Мы смеемся над Санчо Пансой, когда его бросают на одеяло и подкидывают в воздух, как простой мяч. Мы смеемся над бароном Мюнхгаузеном, когда он превращается в пушечное ядро и летит в пространство. Но некоторые упражнения цирковых клоунов позволят нам, пожалуй, еще точнее проверить этот закон. Для этого надо отвлечься от шуток, которыми клоун разукрашивает самое существенное в своей игре, и сосредоточить внимание на этом существенном, то есть на позах, прыжках и различных движениях, которые составляют собственно «клоунское» в искусстве клоуна. Только дважды пришлось мне наблюдать этот комический жанр в чистом виде, и в обоих случаях я получил одно и то же впечатление. В первый раз клоуны ходили взад и вперед, толкали друг друга, падали, отскакивали друг от друга, ритмически-равномерно ускоряя свои движения с явным намерением достичь crescendo. И постепенно внимание публики все более и более направлялось на отскакивание. Мало-помалу забывалось, что это люди из плоти и крови. Казалось, что это какие-то падающие и сталкивающиеся между собой тюки. Затем обман зрения все усиливался. Формы, казалось, округлялись, тела катались, как бы превращаясь в шары. Наконец появилось то, к чему вела — несомненно бессознательно — вся эта сцена: резиновые шары, перебрасываемые во всех направлениях один навстречу другому. Вторая сцена, еще более грубая, была не менее поучительна. Вышли два человека с огромными, совершенно лысыми головами. Они были вооружены здоровыми палками, и каждый поочередно бил своей палкой по голове другого. И здесь соблюдалась постепенность. После каждого удара тела, казалось, становились тяжелее, утрачивали подвижность, словно все больше и больше отвердевали. Ответный удар с каждым разом все более запаздывал, но вместе с тем становился все тяжелее и звучнее. Черепа страшно гудели в притихшем зале. Наконец уже совершенно не гнущиеся и медлительные, прямые, как кол, тела склонились одно к другому, палки в последний раз ударили по головам, как огромные молоты по дубовым бревнам, и все повалилось на пол. В эту минуту с полной ясностью обрисовалось то представление, которое артисты постепенно вколачивали в воображение зрителей: «мы сейчас обратимся, мы уже обратились в массивные деревянные манекены».

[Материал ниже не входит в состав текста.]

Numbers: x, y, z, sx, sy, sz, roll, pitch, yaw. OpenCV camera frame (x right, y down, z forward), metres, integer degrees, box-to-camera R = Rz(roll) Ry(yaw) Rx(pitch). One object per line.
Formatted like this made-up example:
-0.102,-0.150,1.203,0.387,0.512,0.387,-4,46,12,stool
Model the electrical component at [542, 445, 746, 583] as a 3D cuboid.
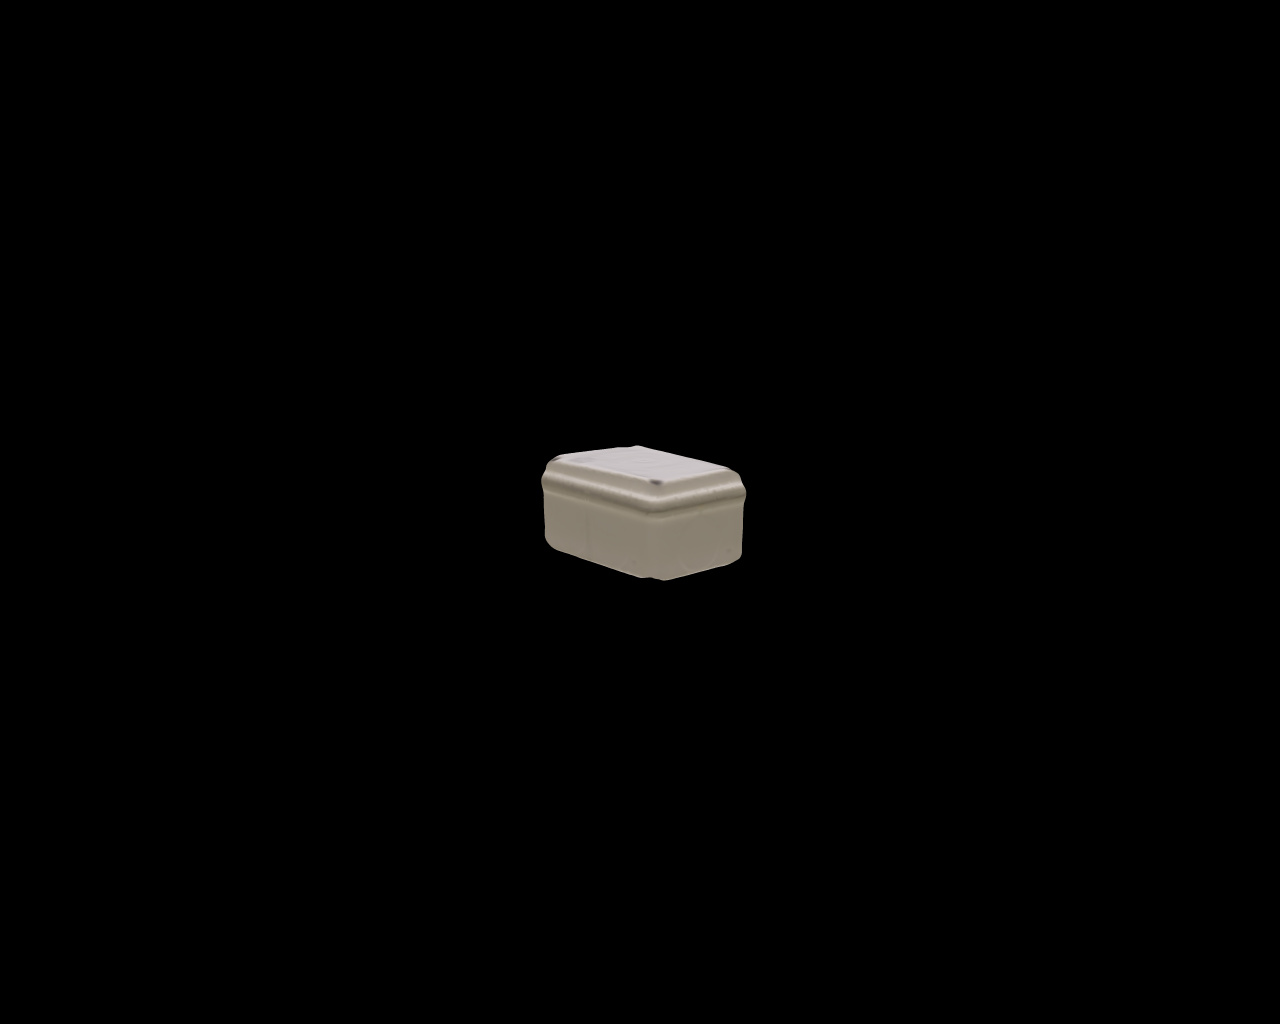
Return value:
0.001,-0.003,0.650,0.078,0.057,0.113,-11,17,-38,electrical component
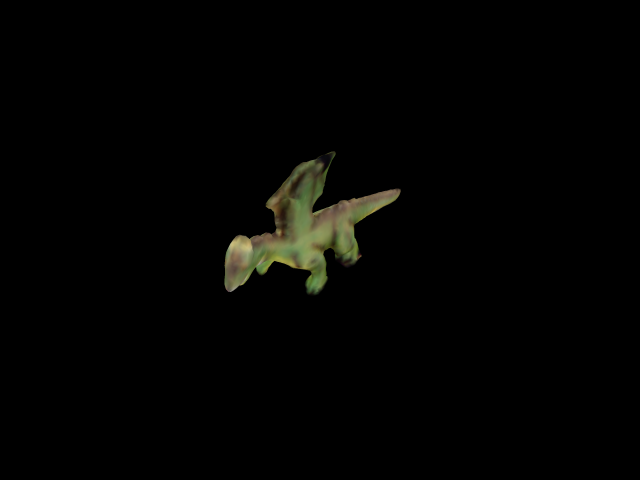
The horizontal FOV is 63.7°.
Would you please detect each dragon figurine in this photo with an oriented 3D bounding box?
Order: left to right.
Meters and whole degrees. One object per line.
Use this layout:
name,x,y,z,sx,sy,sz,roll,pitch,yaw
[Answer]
dragon figurine,0.003,-0.043,0.850,0.123,0.416,0.237,39,-27,23

Неразвитые умы могут смутным инстинктом постигнуть здесь некоторые тончайшие выводы психологии. Известно, что простым внушением можно вызвать у загипнотизированного человека зрительные галлюцинации. Ему говорят, что у него на руке сидит птица, и он видит птицу, видит, как она улетает. Но далеко не всегда внушению следуют с такой покорностью. Часто бывает, что гипнотизеру удается внедрить его лишь незаметно, постепенно. Он начинает в таком случае с предметов действительно видимых гипнотизируемым и старается делать восприятие этих предметов все более и более смутным; потом, шаг за шагом, он вызывает из тумана точные очертания предмета, галлюцинации которого он хочет вызвать. Некоторые люди, перед тем как заснуть, часто видят бесформенные, колышущиеся, окрашенные в разные цвета массы, занимающие все пространство, а затем постепенно отвердевающие и принимающие формы определенных предметов. Постепенный переход от неясного к отчетливому — наилучший способ внушения. Я думаю, что именно он лежит в основе многочисленных способов внушения комических свойств, особенно же внушения грубо-комического, когда кажется, что человек на наших глазах превращается в вещь. Но существуют другие, более тонкие приемы, — у поэтов, например, — которые употребляются, быть может бессознательно, для той же цели. Посредством известных сочетаний ритма, рифмы, созвучий можно убаюкать наше воображение, укачав его однообразием, и подготовить его таким образом к покорному восприятию внушаемого образа. Прочтите нижеследующие стихи Реньяра и заметьте, как в вашем воображении пронесется образ куклы:
… Plus, il doit à maints particuliers
La somme de dix mil une livre une obole,
Pour l'avoir sans relache un an sur sa parole
Habillé, voituré, chauffé, chaussé, ganté,
Alimenté, rasé, désaltéré, porté. [5] Больше того, он должен многим частным лицам сумму в десять тысяч один фунт и один обол за то, что они без перерыва целый год, по его слову, одевали его, катали в каретах, согревали, обували, снабжали перчатками, кормили, брили, поили, носили.
Не видите ли вы нечто в том же роде в следующем куплете Фигаро (хотя здесь, пожалуй, внушается скорее образ животного, чем вещи): «Что это за человек? — Это красивый, толстый, маленький моложавый старичок, седоватый, хитрый, бритый, пресыщенный, который вечно подстерегает, разнюхивает, рычит и скулит одновременно».